Friedrich Weinreb (1910 – 1988) hat in allen seinen Büchern versucht, das Geheimnis von Transzendenz und Immanenz, vom Zeiträumlichen und Ewigen, von Jenseits und Diesseits, von Himmel und Erde, aus der Ursprache des Hebräischen her zu verstehen. Für ihn ist das Ewige und der Ewige im Wort. Bis hinein in die einzelnen Buchstaben, die einen bestimmten Zahlenwert haben. Daher kommt das Wort „erzählen“. So heißt „Arche“ im Hebräischen „teba“; teba heißt aber zugleich auch „Wort“. Die Maße der Arche werden in hebräischen Buchstaben beschrieben, die denselben Zahlenwert wie „Sprache“ haben. „Etwas, das Leben aus der einen Welt in eine andere Welt hinübertragen muss, heißt selbst ‚Wort‘ und es werden ihm Maße gegeben, die das Wort ‚Sprache bilden.“ (Weinreb, 446)

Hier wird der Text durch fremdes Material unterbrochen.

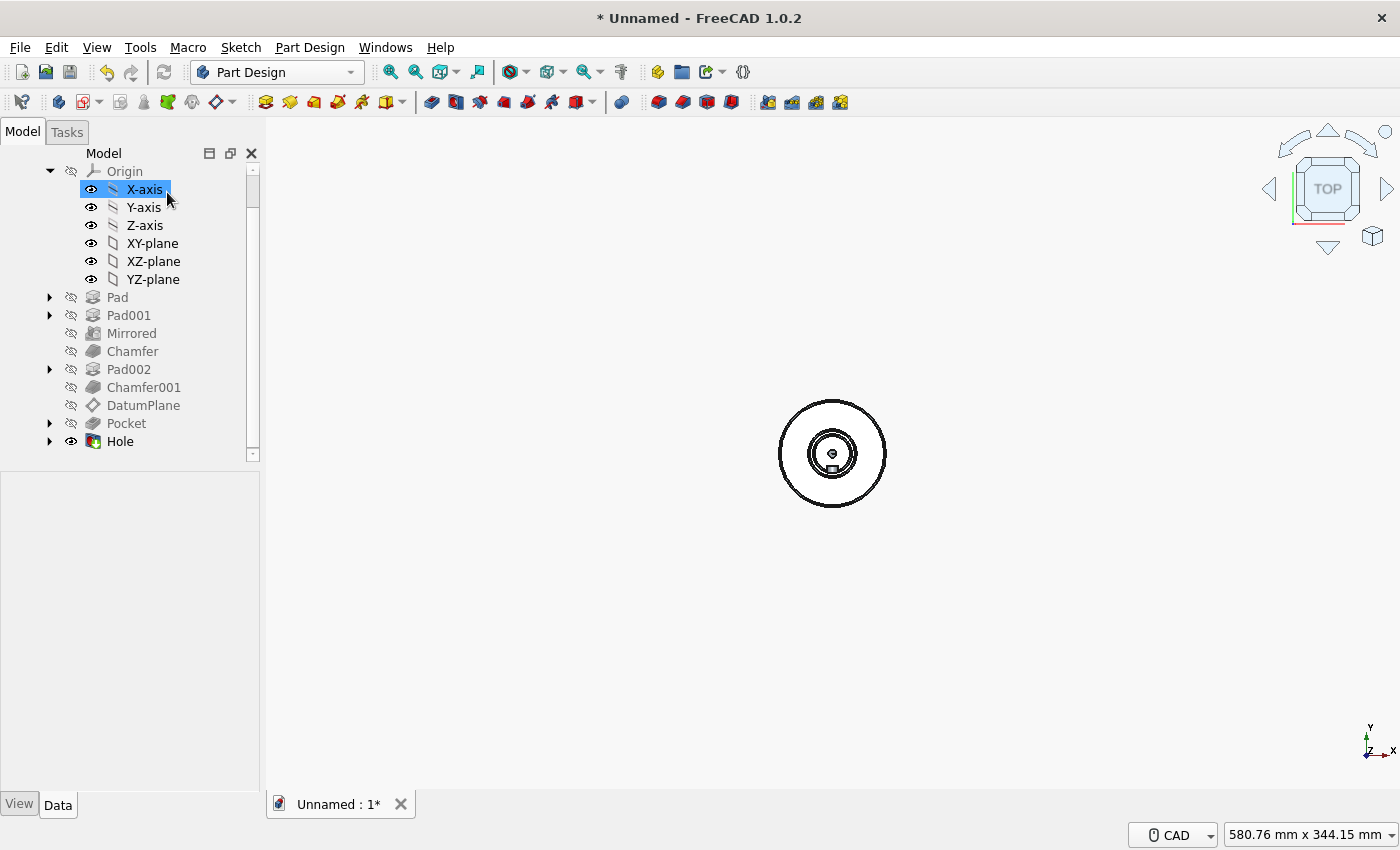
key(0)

Die hebräische Sprache ist eine reine Konsonantensprache. Es gibt keine Vokale. Es gibt 22  Buchstaben. Der erste Buchstabe ist das Alef – und der wird gar nicht gesprochen! Er wird zwar gesehen und gelesen, aber nicht gesprochen. Der erste Buchstabe der Bibel ist nicht Alef, sondern Beth! Damit wird in der Sprache deutlich, dass die Rede von Gott eigentlich unaussprechbar ist, Gott ist und bleibt im Verborgenen, so wie im Judentum auch der Name Gottes nie ausgesprochen wird. 

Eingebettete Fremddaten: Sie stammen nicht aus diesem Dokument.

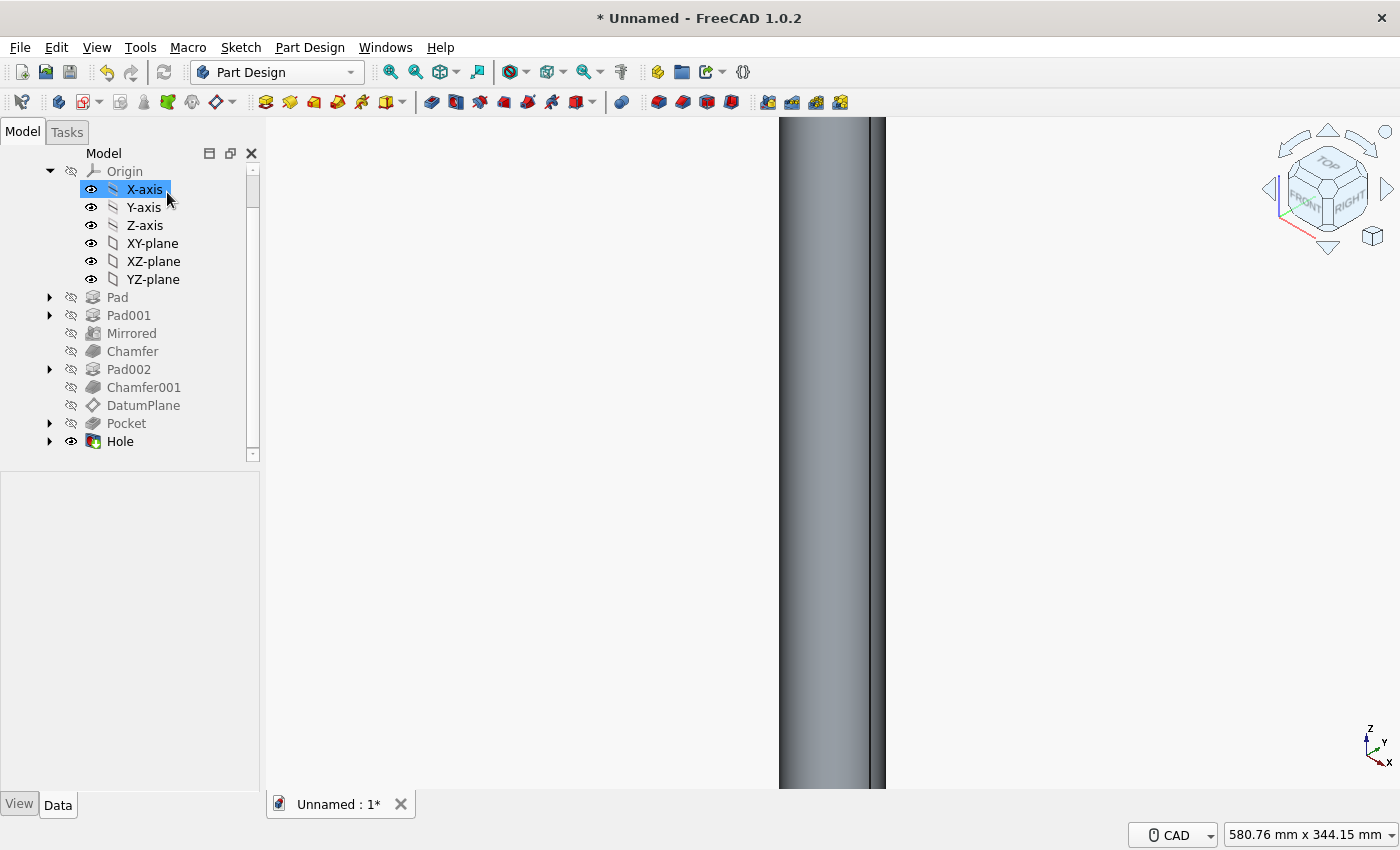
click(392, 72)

In den ersten beiden Buchstaben des hebräischen Alphabets, Alef und Beth liegt der „Urtraum des Wortes“ (Baer, 149). Zusammen ergeben sie ab, Vater. Die affektive Form ist abba. Abba ist das Wort, das der Heilige Geist in uns ruft (Gal 4,6) und der Name, mit dem Jesus seinen Vater nennt. Alef und Beth, die unsichtbare Eins und die sichtbare Zwei, artikulieren zusammen das Wort „Vater“, Ur-Grund der Schöpfung. „Die Alef ist unhörbar, hat keinen Laut, ist nur ein Hauch, ein tiefes Schweigen, eine Einsamkeit. Aus diesem ewigen Schweigen wird das Haus Gottes gebildet, die Beth (‚Haus‘). Die Eins will lieben, und sie kann dies nur in der Zwei. Das aber besagt Bruch, Auseinanderfallen, Verlassenheit, Exil, Tod – aber auch Einswerden, Vereinigung, Glückseligkeit. Deshalb abba, von der Eins in die Zwei, von A zu B – aber dann zugleich auch wieder von der Zwei zurück in die Eins, von B zu A, in die Auferstehung, ins Einswerden: abba. Dazu kommt, wie Weinreb hervorhebt, dass die Umkehrung von ab, also ba, auf Hebräisch ‚kommen‘ heißt“ (ebd., 150). Diese Struktur „erzählt“ auch das Gleichnis vom verlorenen Sohn: Der eine Sohn verlässt seinen Ursprung und verliert sich in der Zeit, bis er „umkehrt“ zurück zum Ursprung, wo nicht alles beim Alten bleibt, sondern neu wird, mit einem neuen Gewand.    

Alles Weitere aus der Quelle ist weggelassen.